Brief = Each entry that follows should be given again word for word; please leave out its pictures.

(Stored records)
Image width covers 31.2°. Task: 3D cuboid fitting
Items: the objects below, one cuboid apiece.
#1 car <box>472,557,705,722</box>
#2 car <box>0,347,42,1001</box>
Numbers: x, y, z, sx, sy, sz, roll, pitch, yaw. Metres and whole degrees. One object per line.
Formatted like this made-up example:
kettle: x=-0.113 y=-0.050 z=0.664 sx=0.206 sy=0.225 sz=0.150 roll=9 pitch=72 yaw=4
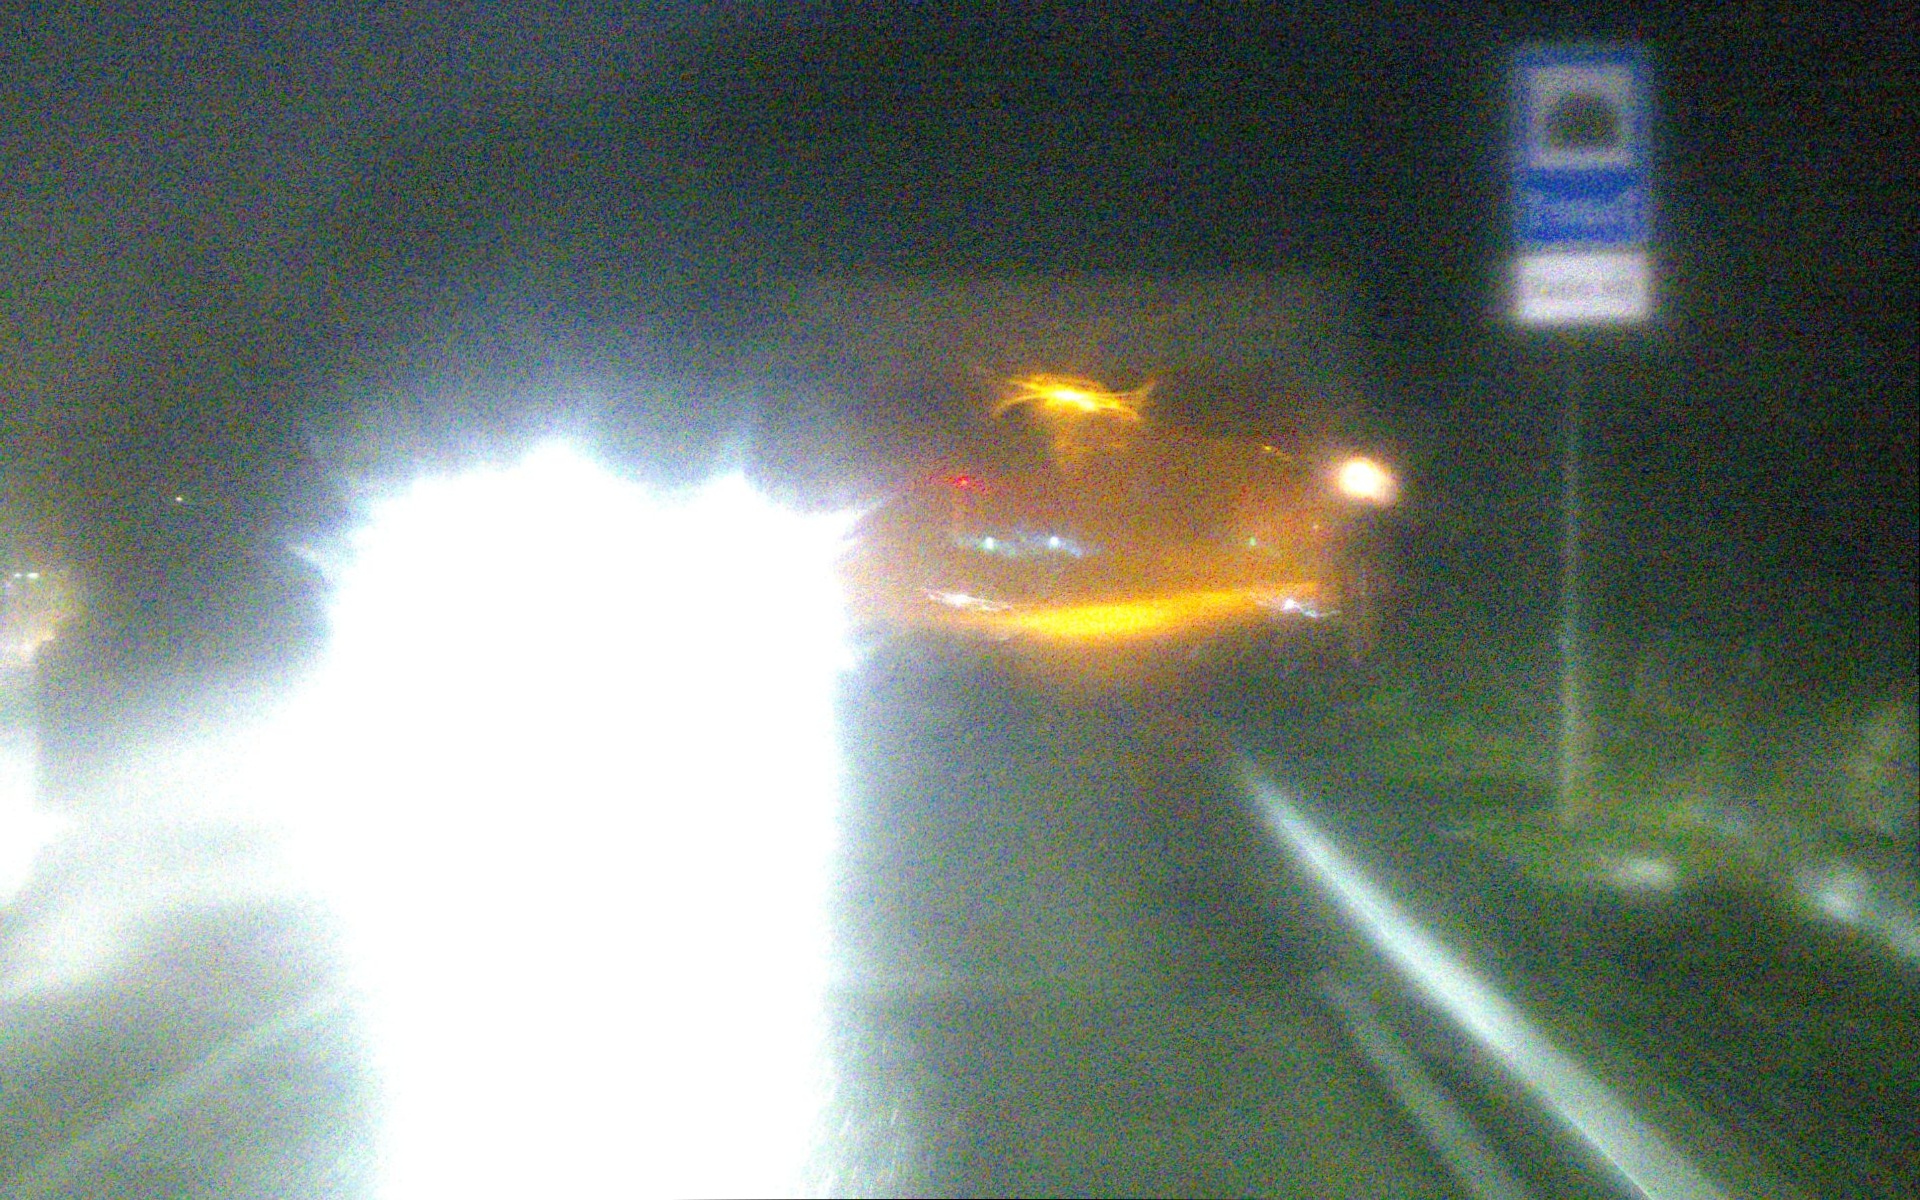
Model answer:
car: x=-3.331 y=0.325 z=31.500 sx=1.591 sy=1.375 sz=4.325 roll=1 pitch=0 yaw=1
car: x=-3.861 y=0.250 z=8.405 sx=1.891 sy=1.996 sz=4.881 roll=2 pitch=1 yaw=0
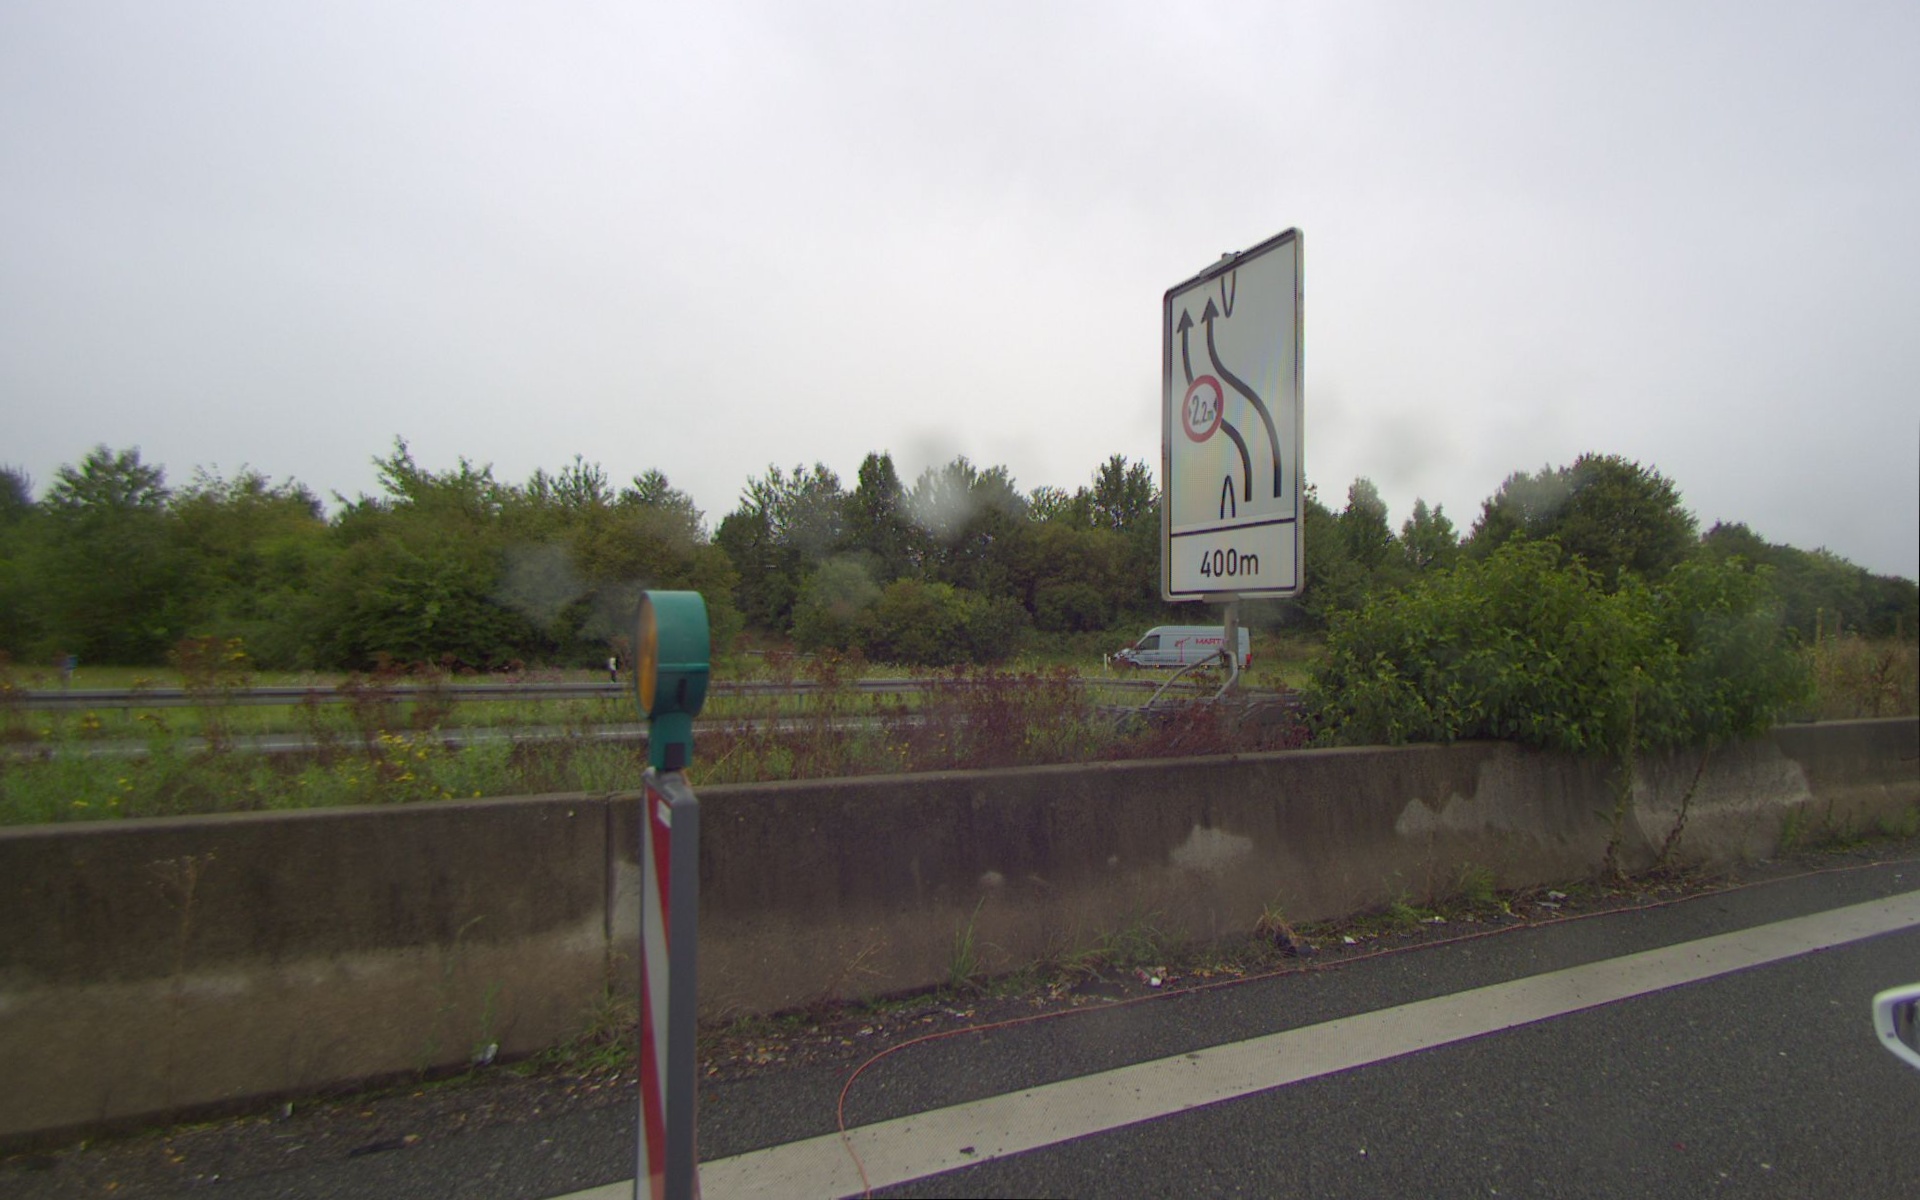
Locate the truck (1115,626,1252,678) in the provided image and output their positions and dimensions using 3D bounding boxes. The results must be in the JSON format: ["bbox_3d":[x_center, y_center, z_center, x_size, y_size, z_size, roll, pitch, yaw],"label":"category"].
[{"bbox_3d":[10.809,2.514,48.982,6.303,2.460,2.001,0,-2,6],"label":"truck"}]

Final answer =
Image width covers 31.2°. Task: 3D cuboid fitting
Items: the objects below, one cuboid apiece.
#1 car <box>472,557,705,722</box>
#2 car <box>0,347,42,1001</box>
Numbers: x, y, z, sx, sy, sz, roll, pitch, yaw. Metres and whole degrees. One object per line.
Formatted like this made-up example:
kettle: x=-0.113 y=-0.050 z=0.664 sx=0.206 sy=0.225 sz=0.150 roll=9 pitch=72 yaw=4
Model answer:
car: x=-3.331 y=0.325 z=31.500 sx=1.591 sy=1.375 sz=4.325 roll=1 pitch=0 yaw=1
car: x=-3.861 y=0.250 z=8.405 sx=1.891 sy=1.996 sz=4.881 roll=2 pitch=1 yaw=0
Locate the truck (1115,626,1252,678) in the provided image and output their positions and dimensions using 3D bounding boxes. The results must be in the JSON format: ["bbox_3d":[x_center, y_center, z_center, x_size, y_size, z_size, roll, pitch, yaw],"label":"category"].
[{"bbox_3d":[10.809,2.514,48.982,6.303,2.460,2.001,0,-2,6],"label":"truck"}]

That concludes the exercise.